Canfield (US) or Demon (UK) is a solitaire card game with a very low probability of winning. It is an English game first called Demon Patience and described as "the best game for one pack that has yet been invented". It was popularized in the United States in the early 20th century as a result of a story that casino owner Richard A. Canfield had turned it into a gambling game, although it may actually have been Klondike and not Demon that was played at his casino. As a result, it became known as Canfield in the United States, while continuing to be called Demon Patience in the United Kingdom and elsewhere. It is closely related to Klondike, and is one of the most popular games of its type.

== History ==
The game is first recorded in 1891 in England by Mary Whitmore Jones as Demon Patience. She describes it as "by far the best game for one pack that has yet been invented," and goes on to say that its "very uncomplimentary name" seems to derive from its ability to frustrate. "Truly a mocking spirit appears to preside over the game, and snatches success from the player often at the last moment, when it seems just within his grasp." Nevertheless, when the player does succeed in getting the patience out, "it is a triumph to have conquered the demon."

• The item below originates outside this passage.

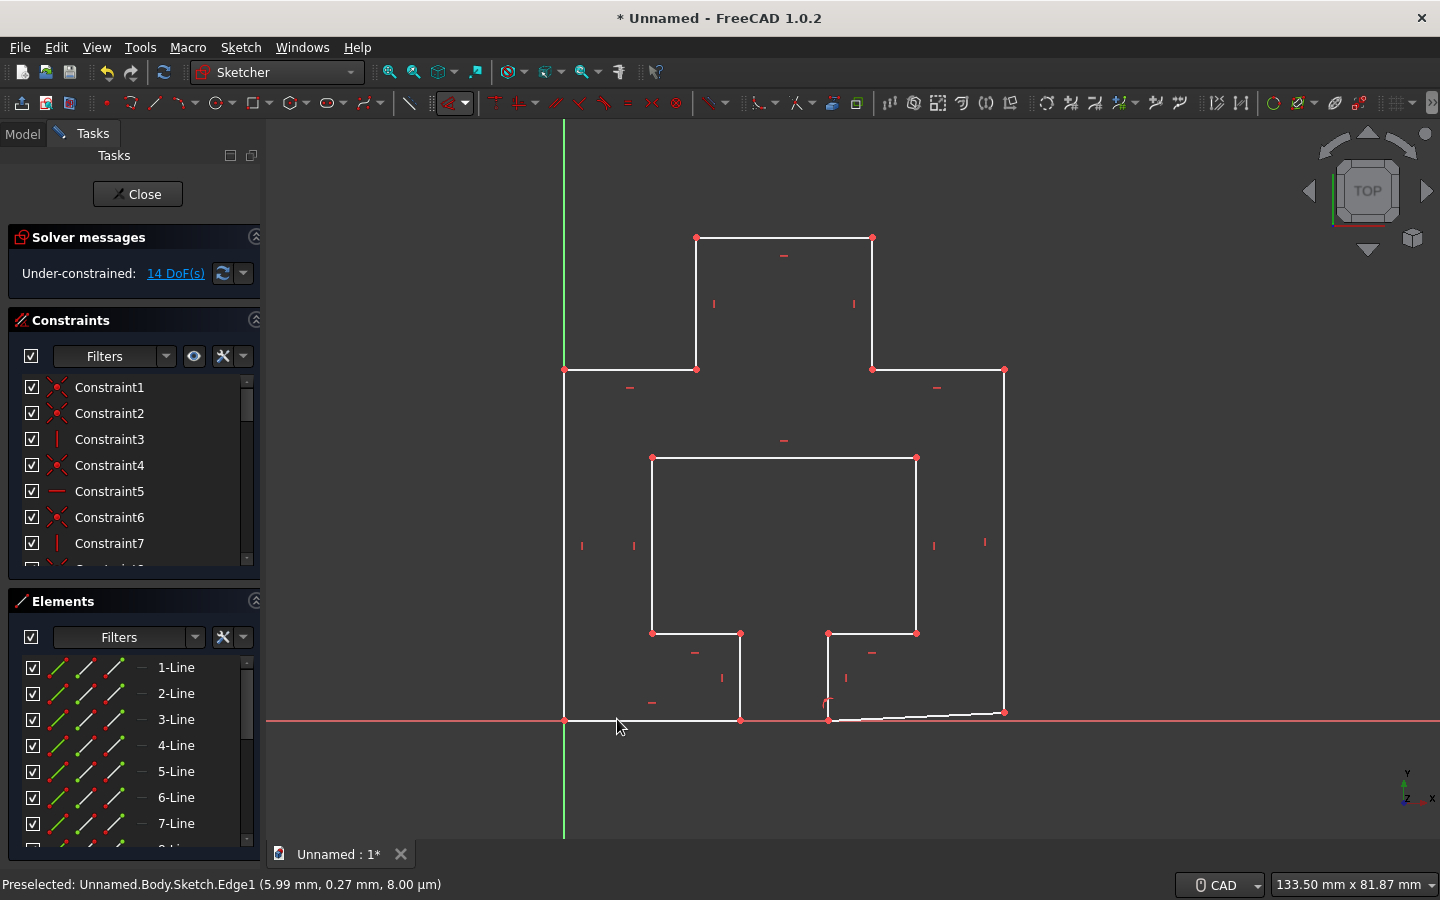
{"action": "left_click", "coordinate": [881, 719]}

In Henrietta Stannard's 1895 novel, A Magnificent Young Man, Mrs. Bladenbrook invites the curate to "show me this wonderful new game of yours". He fails to get it out declaring, "Ah, it is no use." Mrs. Bladenbrook asks, "But you are nearly done?" "But I am not quite done," replies the curate, "that is where the demon comes in. It is well called 'Demon Patience'. I have often tried a dozen times to do it, and failed each time when it has seemed just within my grasp. Believe me... it is the one form of Patience which puts all the others into the shade; it is the one form of which one never tires; it is always interesting, always fresh, always tantalizing."

A 1910 publication of Fry's Magazine edited by C.B. Fry confirms that the game is called Demon patience "because the player is so often beaten by the awkward position of a single card which avoids any appearance at the critical period in a perverse manner which at times is quite demoniacal."

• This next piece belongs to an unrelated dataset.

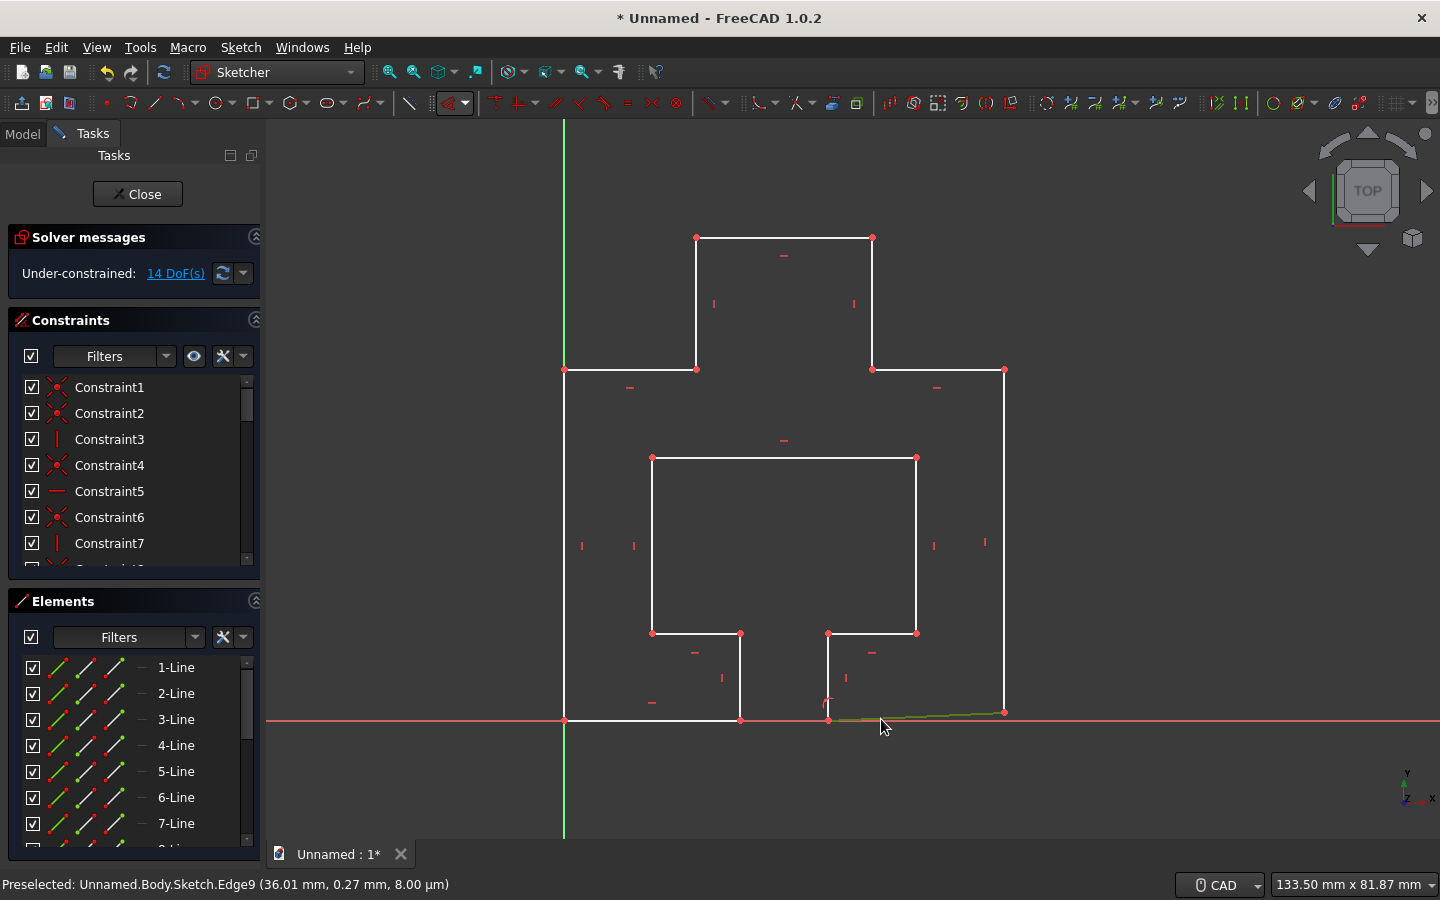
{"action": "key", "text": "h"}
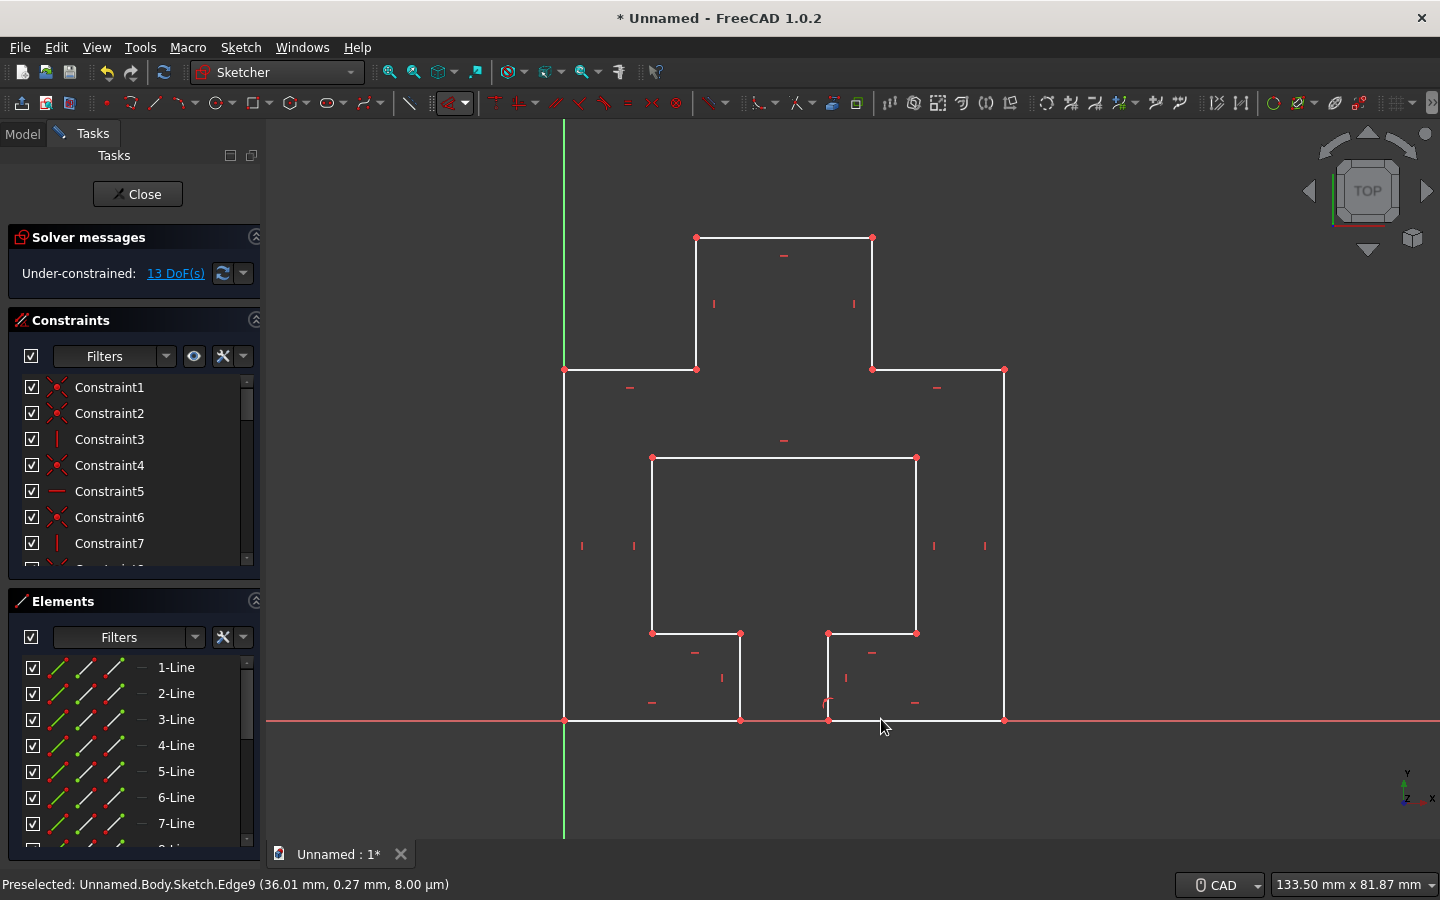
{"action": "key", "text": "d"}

Meanwhile, Demon had traveled to America, where the earliest description of it, published in the 1907 Hoyle's Games, confusingly calls it Klondike, actually the name of a quite different game. The author of Hoyle's Games acknowledges that there are several ways of playing the game but only describes what he speculates is "probably the original form". However, it is merely a gambling version of Demon in which "the banker sells a pack of 52 cards for $52, and... agrees to pay $5 for every card the player gets down in the 'top line'".

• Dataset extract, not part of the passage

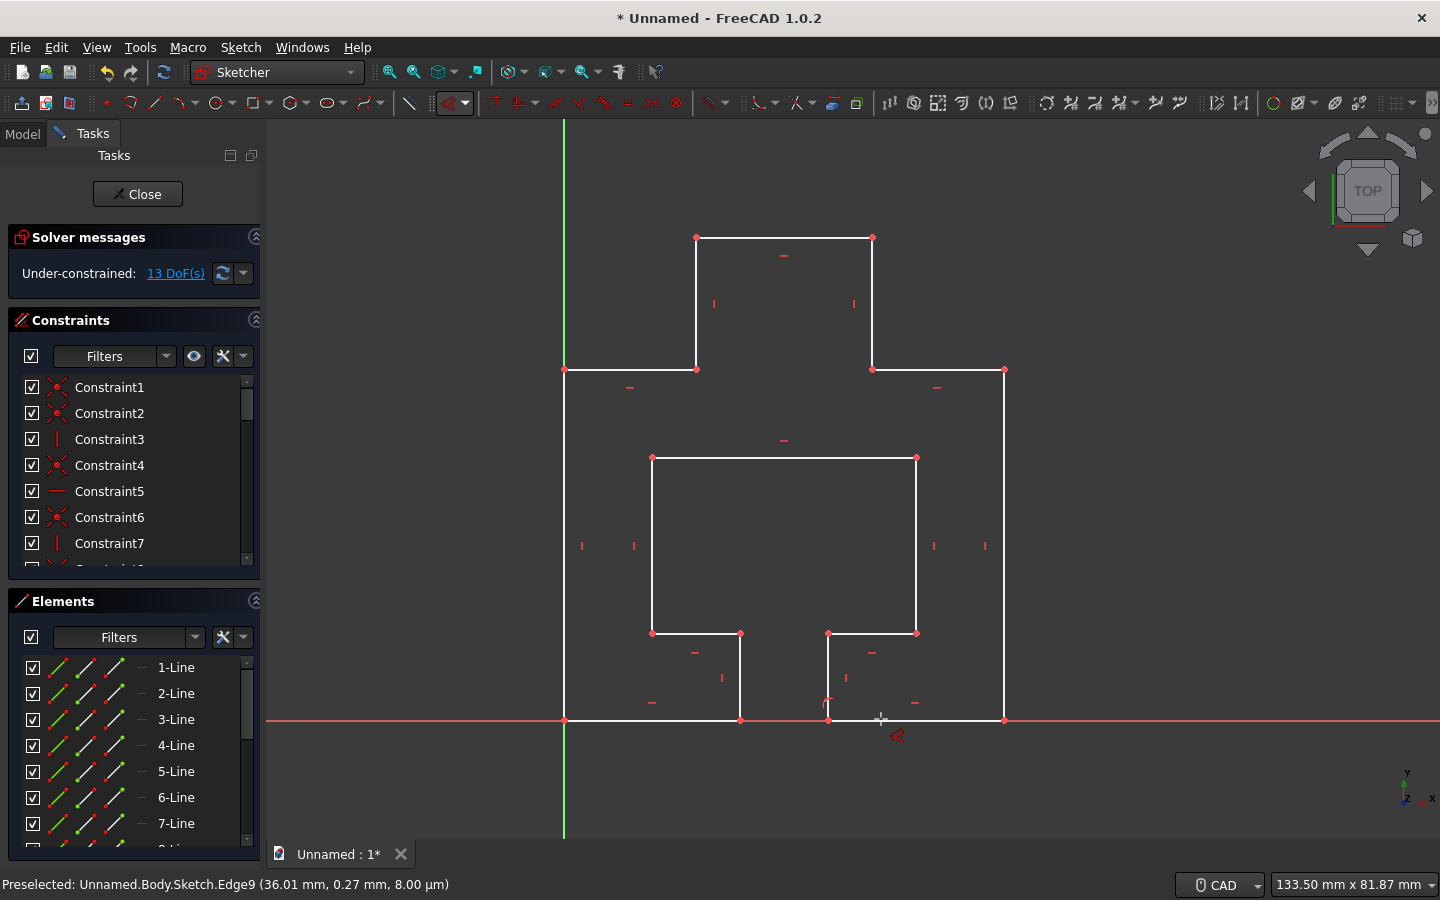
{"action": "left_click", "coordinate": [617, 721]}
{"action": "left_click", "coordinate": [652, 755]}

How Demon came to be called Canfield in the US is unclear, but it is frequently linked to noted gambler Richard A. Canfield, who, in 1894, took over the Clubhouse in Saratoga Springs, New York. Some time after 1900, he encouraged gamblers to "buy" a deck of cards. Some sources say the cost was $50, Others say it was $52. The gambler would then play a game of solitaire and earn $5 for every card they managed to place into the foundations; if a player was fortunate enough to place all 52 cards into the foundations, the player would win $2,600. On average players made a loss of about five to six cards per game. Canfield offered it as a novelty but it never really took off. The main reasons were the fact that a single game duration took longer than an average casino game and for every gambler playing a game Canfield needed to hire a croupier. In 1907, Canfield sold the casino to the City of Saratoga Springs "at quite a loss".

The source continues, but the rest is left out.